In a region politically repressed for centuries, if not millennia, most of the political activists inevitably have been part of groups considered extremist, fundamentalist or terrorist. That doesn’t mean many of them, if not most, can’t change in an open, democratic society.

Sinn Fein, the IRA terrorists’ political wing, is now part of the government of Northern Ireland. There’s occasionally some trouble, the it appears “The Troubles” are over in Northern Ireland.

This can happen, too, in Iraq. And yes, the whole project might fail if the new democratic institutions are not given a chance to take root.

My guess is, when most of the U.S. troops leave, the war will continue at some level for years. There will be some big blow-ups. At some point, the Iraqi army will crack down heavily on the Sunni Arabs. That will look more like the standard civil war, and it could be decisive.

The army eventually will have to crack down on Sadr’s thugs, too.

Iraq has a real chance of setting up a permanent democracy, and I think it will. Of course, everything in the Middle East depends on everything else.

Iran is a wild card. Young adult Iranians want democracy, but Ahmadinejad and the ayatollah have cleverly played to national pride in the nuclear issue. That could explode.

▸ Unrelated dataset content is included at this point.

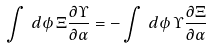<formula> <loc_0><loc_0><loc_500><loc_500>\int \, d \phi \, \Xi \frac { \partial \Upsilon } { \partial \alpha } = - \int \, d \phi \, \Upsilon \frac { \partial \Xi } { \partial \alpha }</formula>

The Israeli-Palestinian conflict is the other wild card. Israel has a right to exist, and too many Arabs and Iranians just can’t accept it. It’s the rub that won’t stop rubbing.

Mike Johnson

The Iraqis have held remarkably faithful to their new democratic institutions, in spite of the ongoing war.

I have no idea what behavior you have in mind with this comment. I suppose just that Iraqis went to the polls, and not who they actually voted for.

Meanwhile, Kurdistan is doing better than ever.

Only because it is effectively a separate country. They have a separate army, and separate passports, and they don't let Arabs in.

In a region politically repressed for centuries, if not millennia, most of the political activists inevitably have been part of groups considered extremist, fundamentalist or terrorist. That doesn’t mean many of them, if not most, can’t change in an open, democratic society.

I do not understand where this type of "optimism" comes from, that the way to tame terrorists is to let them win elections. After all, you say just a little later that the Iraqi army will have to crack down on Sadr's thugs. How likely is that when more than 30 of them are in the Iraqi parliament? When Sadr gave Maliki his job?

Besides, no one says that about Hamas, which also won elections. No one says that about Hugo Chavez, or Vladimir Putin, both of whom were fairly elected at least the first time. No one said it about Slobodan Milosevic. No one says it about Sinn Fein either; they say that Northen Ireland is doing well despite Sinn Fein, and not because it got elected.

Basically no one says that elections tame bad people in any context other than Iraq. So I take it back, I do know where this "optimism" comes from. It comes from Bush.

Speaking of democracy, a new poll in Iraq (commissioned by the State Department) reports that 6 in 10 Iraqis support insurgent attacks on American troops. Three cheers for majority rule! Not.

Christopher Taylor

How good are we at keeping a secret? Just ask the New York Times. The fact is a time-based deadline is foolish. A circumstances-based one makes perfect sense. When these goals are achieved, when this happens, then we can start to withdraw.

As far as we know there IS a withdrawal date. There's just no reason to tell anyone.